(Records drawn from a dataset)
>>>>>

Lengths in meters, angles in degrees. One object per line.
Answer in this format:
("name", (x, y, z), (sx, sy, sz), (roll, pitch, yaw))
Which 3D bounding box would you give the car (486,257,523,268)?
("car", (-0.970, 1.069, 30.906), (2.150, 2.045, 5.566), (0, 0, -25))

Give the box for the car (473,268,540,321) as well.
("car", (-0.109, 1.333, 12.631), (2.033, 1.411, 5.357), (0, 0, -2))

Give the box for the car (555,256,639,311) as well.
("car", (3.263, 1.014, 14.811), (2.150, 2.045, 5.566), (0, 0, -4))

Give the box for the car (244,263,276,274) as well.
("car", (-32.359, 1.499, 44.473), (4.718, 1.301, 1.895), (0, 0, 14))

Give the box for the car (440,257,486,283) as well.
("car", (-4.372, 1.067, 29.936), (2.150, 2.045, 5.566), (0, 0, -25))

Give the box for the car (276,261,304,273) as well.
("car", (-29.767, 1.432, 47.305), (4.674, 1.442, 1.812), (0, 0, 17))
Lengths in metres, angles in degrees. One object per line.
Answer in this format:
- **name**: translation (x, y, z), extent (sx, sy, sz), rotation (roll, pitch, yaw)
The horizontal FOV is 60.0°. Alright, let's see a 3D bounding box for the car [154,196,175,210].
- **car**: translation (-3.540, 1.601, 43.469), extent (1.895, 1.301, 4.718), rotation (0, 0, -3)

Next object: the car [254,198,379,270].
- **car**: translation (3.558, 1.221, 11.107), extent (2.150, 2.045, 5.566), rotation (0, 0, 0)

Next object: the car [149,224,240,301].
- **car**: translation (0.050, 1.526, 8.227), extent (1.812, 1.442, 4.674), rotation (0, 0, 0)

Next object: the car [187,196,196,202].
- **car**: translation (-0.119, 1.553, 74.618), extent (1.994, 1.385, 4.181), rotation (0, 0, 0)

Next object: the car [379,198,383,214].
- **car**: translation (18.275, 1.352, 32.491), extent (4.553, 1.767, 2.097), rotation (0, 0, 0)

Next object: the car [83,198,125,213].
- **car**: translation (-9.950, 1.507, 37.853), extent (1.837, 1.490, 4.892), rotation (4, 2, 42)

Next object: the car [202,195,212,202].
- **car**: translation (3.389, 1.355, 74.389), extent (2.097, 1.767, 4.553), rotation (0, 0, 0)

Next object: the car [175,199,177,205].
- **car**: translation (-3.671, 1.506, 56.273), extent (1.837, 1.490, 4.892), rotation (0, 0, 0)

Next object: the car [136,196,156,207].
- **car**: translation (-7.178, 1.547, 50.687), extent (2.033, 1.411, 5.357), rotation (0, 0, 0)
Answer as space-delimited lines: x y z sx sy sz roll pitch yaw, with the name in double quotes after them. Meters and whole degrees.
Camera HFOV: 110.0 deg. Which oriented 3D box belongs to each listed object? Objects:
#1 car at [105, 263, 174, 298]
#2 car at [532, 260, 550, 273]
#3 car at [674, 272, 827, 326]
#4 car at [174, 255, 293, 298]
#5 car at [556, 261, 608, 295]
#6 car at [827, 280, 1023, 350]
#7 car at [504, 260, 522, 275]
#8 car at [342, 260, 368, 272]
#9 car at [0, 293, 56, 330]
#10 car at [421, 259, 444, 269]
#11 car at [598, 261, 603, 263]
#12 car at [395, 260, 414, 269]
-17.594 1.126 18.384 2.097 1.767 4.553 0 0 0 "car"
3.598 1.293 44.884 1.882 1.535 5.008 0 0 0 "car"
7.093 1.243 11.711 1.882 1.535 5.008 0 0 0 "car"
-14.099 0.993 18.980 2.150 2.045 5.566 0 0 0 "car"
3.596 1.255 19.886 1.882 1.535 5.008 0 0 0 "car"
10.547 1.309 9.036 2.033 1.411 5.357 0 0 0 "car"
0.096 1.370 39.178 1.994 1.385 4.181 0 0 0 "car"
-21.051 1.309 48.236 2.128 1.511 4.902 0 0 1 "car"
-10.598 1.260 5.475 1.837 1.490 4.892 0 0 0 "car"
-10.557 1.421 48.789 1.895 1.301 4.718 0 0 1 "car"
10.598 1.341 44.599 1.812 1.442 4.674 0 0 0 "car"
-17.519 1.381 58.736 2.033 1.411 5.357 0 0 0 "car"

<<<<<

(WHAT YOU HAVE TO DO): Every entry is to be repeated precisely as it stands.

(ANSWER):
Lengths in meters, angles in degrees. One object per line.
Answer in this format:
("name", (x, y, z), (sx, sy, sz), (roll, pitch, yaw))
Which 3D bounding box would you give the car (486,257,523,268)?
("car", (-0.970, 1.069, 30.906), (2.150, 2.045, 5.566), (0, 0, -25))

Give the box for the car (473,268,540,321) as well.
("car", (-0.109, 1.333, 12.631), (2.033, 1.411, 5.357), (0, 0, -2))

Give the box for the car (555,256,639,311) as well.
("car", (3.263, 1.014, 14.811), (2.150, 2.045, 5.566), (0, 0, -4))

Give the box for the car (244,263,276,274) as well.
("car", (-32.359, 1.499, 44.473), (4.718, 1.301, 1.895), (0, 0, 14))

Give the box for the car (440,257,486,283) as well.
("car", (-4.372, 1.067, 29.936), (2.150, 2.045, 5.566), (0, 0, -25))

Give the box for the car (276,261,304,273) as well.
("car", (-29.767, 1.432, 47.305), (4.674, 1.442, 1.812), (0, 0, 17))
Lengths in metres, angles in degrees. One object per line.
Answer in this format:
- **name**: translation (x, y, z), extent (sx, sy, sz), rotation (roll, pitch, yaw)
The horizontal FOV is 60.0°. Alright, let's see a 3D bounding box for the car [154,196,175,210].
- **car**: translation (-3.540, 1.601, 43.469), extent (1.895, 1.301, 4.718), rotation (0, 0, -3)

Next object: the car [254,198,379,270].
- **car**: translation (3.558, 1.221, 11.107), extent (2.150, 2.045, 5.566), rotation (0, 0, 0)

Next object: the car [149,224,240,301].
- **car**: translation (0.050, 1.526, 8.227), extent (1.812, 1.442, 4.674), rotation (0, 0, 0)

Next object: the car [187,196,196,202].
- **car**: translation (-0.119, 1.553, 74.618), extent (1.994, 1.385, 4.181), rotation (0, 0, 0)

Next object: the car [379,198,383,214].
- **car**: translation (18.275, 1.352, 32.491), extent (4.553, 1.767, 2.097), rotation (0, 0, 0)

Next object: the car [83,198,125,213].
- **car**: translation (-9.950, 1.507, 37.853), extent (1.837, 1.490, 4.892), rotation (4, 2, 42)

Next object: the car [202,195,212,202].
- **car**: translation (3.389, 1.355, 74.389), extent (2.097, 1.767, 4.553), rotation (0, 0, 0)

Next object: the car [175,199,177,205].
- **car**: translation (-3.671, 1.506, 56.273), extent (1.837, 1.490, 4.892), rotation (0, 0, 0)

Next object: the car [136,196,156,207].
- **car**: translation (-7.178, 1.547, 50.687), extent (2.033, 1.411, 5.357), rotation (0, 0, 0)
Answer as space-delimited lines: x y z sx sy sz roll pitch yaw, with the name in double quotes after them. Meters and whole degrees.
Camera HFOV: 110.0 deg. Which oriented 3D box belongs to each listed object? Objects:
#1 car at [105, 263, 174, 298]
#2 car at [532, 260, 550, 273]
#3 car at [674, 272, 827, 326]
#4 car at [174, 255, 293, 298]
#5 car at [556, 261, 608, 295]
#6 car at [827, 280, 1023, 350]
#7 car at [504, 260, 522, 275]
#8 car at [342, 260, 368, 272]
#9 car at [0, 293, 56, 330]
#10 car at [421, 259, 444, 269]
#11 car at [598, 261, 603, 263]
#12 car at [395, 260, 414, 269]
-17.594 1.126 18.384 2.097 1.767 4.553 0 0 0 "car"
3.598 1.293 44.884 1.882 1.535 5.008 0 0 0 "car"
7.093 1.243 11.711 1.882 1.535 5.008 0 0 0 "car"
-14.099 0.993 18.980 2.150 2.045 5.566 0 0 0 "car"
3.596 1.255 19.886 1.882 1.535 5.008 0 0 0 "car"
10.547 1.309 9.036 2.033 1.411 5.357 0 0 0 "car"
0.096 1.370 39.178 1.994 1.385 4.181 0 0 0 "car"
-21.051 1.309 48.236 2.128 1.511 4.902 0 0 1 "car"
-10.598 1.260 5.475 1.837 1.490 4.892 0 0 0 "car"
-10.557 1.421 48.789 1.895 1.301 4.718 0 0 1 "car"
10.598 1.341 44.599 1.812 1.442 4.674 0 0 0 "car"
-17.519 1.381 58.736 2.033 1.411 5.357 0 0 0 "car"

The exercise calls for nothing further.